In this blog I relied on R.F. Christian’s translation of "Tolstoy’s Letters."
But over a century ago, when beginning writers sent their manuscripts to Tolstoy, they wanted his advice and some even asked him to revise their prose. He was generous with his time and frequently helped authors from underprivileged backgrounds. In some cases, their prose would get published because Tolstoy had marked it.
His suggestions to authors were paradoxical: Tolstoy advised them not to write, unless they felt it was absolutely necessary, and never to write with an eye to publication.
In 1887, replying to an obscure writer, Tolstoy suggested: “The main thing is not to be in a hurry to write, not to grudge correcting and revising the same thing 10 or 20 times, not to write a lot and not, for heaven’s sake, to make of writing a means of livelihood or of winning importance in people’s eyes.”
However, most authors approached him precisely because they sought publication and were hoping for praise. Some thought that Tolstoy’s advice would boost their writing skills. This was precisely what Tolstoy warned them against: “God save you from that.” Attaining the skill was secondary to what he called “inner content.”
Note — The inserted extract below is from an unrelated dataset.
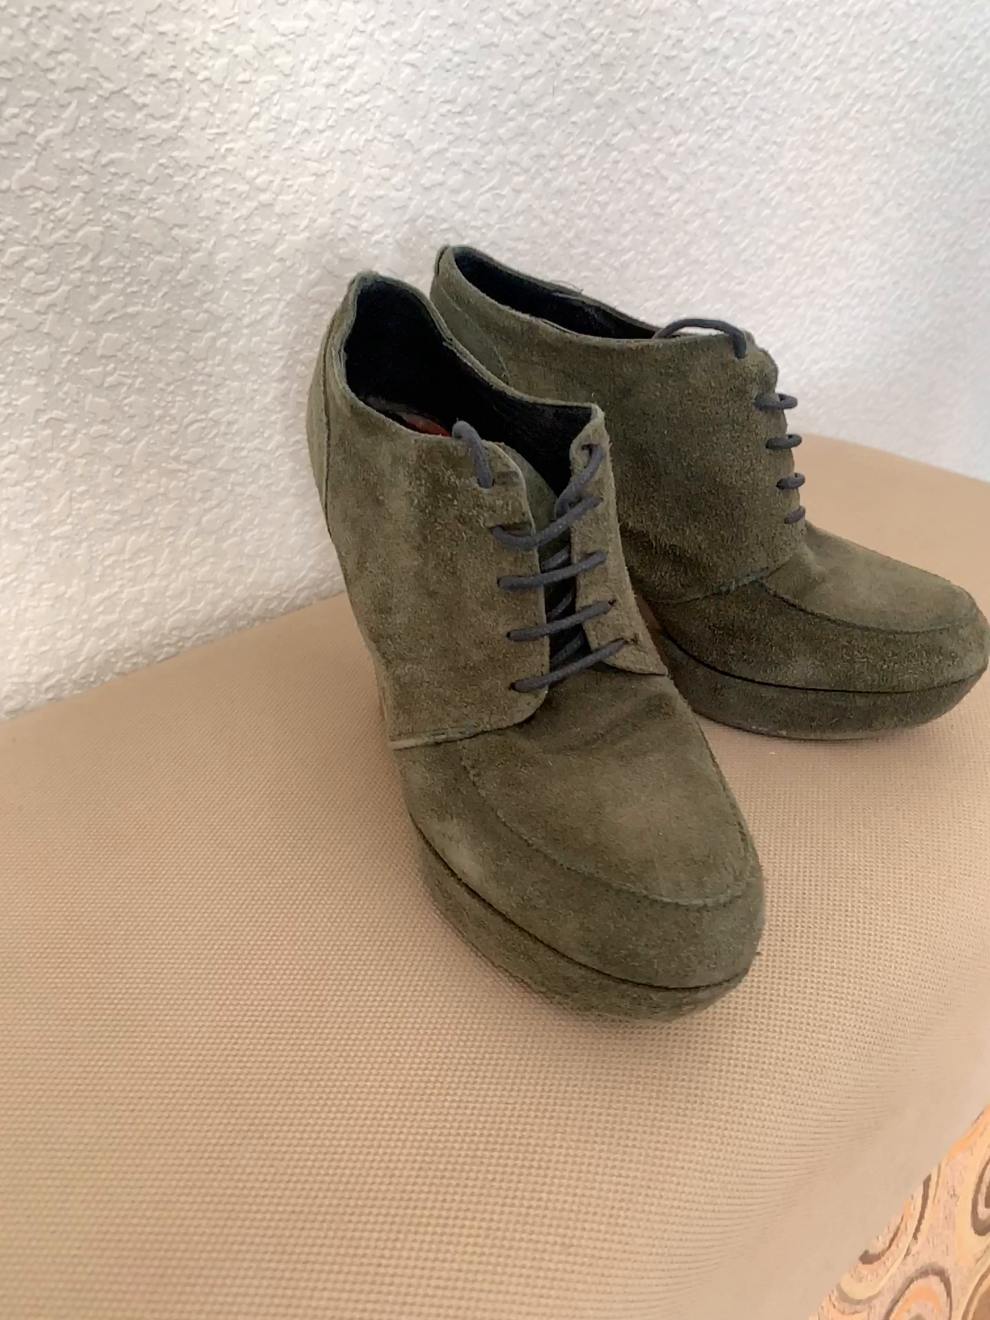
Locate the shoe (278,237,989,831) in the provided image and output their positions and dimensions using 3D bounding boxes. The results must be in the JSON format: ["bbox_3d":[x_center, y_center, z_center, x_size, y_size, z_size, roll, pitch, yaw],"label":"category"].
[{"bbox_3d":[0.055,-0.060,0.392,0.270,0.139,0.081,20,39,23],"label":"shoe"}]

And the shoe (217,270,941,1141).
[{"bbox_3d":[-0.004,-0.012,0.305,0.086,0.136,0.230,-14,39,-21],"label":"shoe"}]

He did not believe that it was possible to teach one how to become a writer, and was annoyed when authors asked him to share secrets of the trade. In 1895, he replied to an author: “…I won’t answer your questions, or rather interrogation, about writing, because they are all empty questions. The one thing I can say to you is to try as hard as you can not to be a writer, or only to be one when you can no longer help being one.”
As he suggested to another author, “You should only write when you feel within you some completely new and important content, clear to you but unintelligible to others, and when the need to express this content gives you no peace.”
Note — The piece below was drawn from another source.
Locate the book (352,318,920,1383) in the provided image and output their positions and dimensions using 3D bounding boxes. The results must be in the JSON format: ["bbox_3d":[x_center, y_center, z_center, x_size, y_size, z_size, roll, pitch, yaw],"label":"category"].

He valued sincerity, but thought this quality extremely rare. His advice to fiction writers was simple, although hard to follow: “…Live the lives of the people described, describe in images their inner feelings, and the characters themselves will do what they must do according to their natures…” A fiction writer “needs two things: firstly, to know thoroughly what should be; and secondly, to believe in what should be…” But, as he complained to a friend, immature writers have one without the other.
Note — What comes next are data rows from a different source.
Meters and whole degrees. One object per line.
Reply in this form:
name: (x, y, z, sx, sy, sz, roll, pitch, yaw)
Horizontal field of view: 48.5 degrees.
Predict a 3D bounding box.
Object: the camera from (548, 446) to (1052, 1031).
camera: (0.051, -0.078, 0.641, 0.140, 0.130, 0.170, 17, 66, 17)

Preparation for writing mattered most: according to Tolstoy, one had to sift through 1,000 thoughts before recording a valid one. “Just as in speech the spoken word is silver and the unspoken one gold, so in writing––I would say that the written word is tin, and the unwritten one gold…” Many authors, who approached him, lacked this vital ability to restrain their thoughts and do the necessary work, which precedes writing.
In style Tolstoy valued clarity, and to achieve it, he endlessly revised his own prose. “Don’t spare your labour,” he advised an author in 1890, “write as it comes, at length, and then revise it, and above all shorten it. In the business of writing, gold is only obtained, in my experience, by sifting.”
He wrote nonfiction, he said, to clarify his own thoughts. There were “two kinds of writing.” The first and most demanding, came from the writer’s need achieve “the greatest possible clarity” of expression. Such a writer would work assiduously and reject everything that obscures his idea. But there was also writing driven by ambition and the need to impress. It served “to obscure and confuse the truth for oneself and others.” This second type was prevalent and filled newspapers and magazines. As Tolstoy remarked, “I hate it with all my soul.”
In this blog I relied on R.F. Christian’s translation of "Tolstoy’s Letters."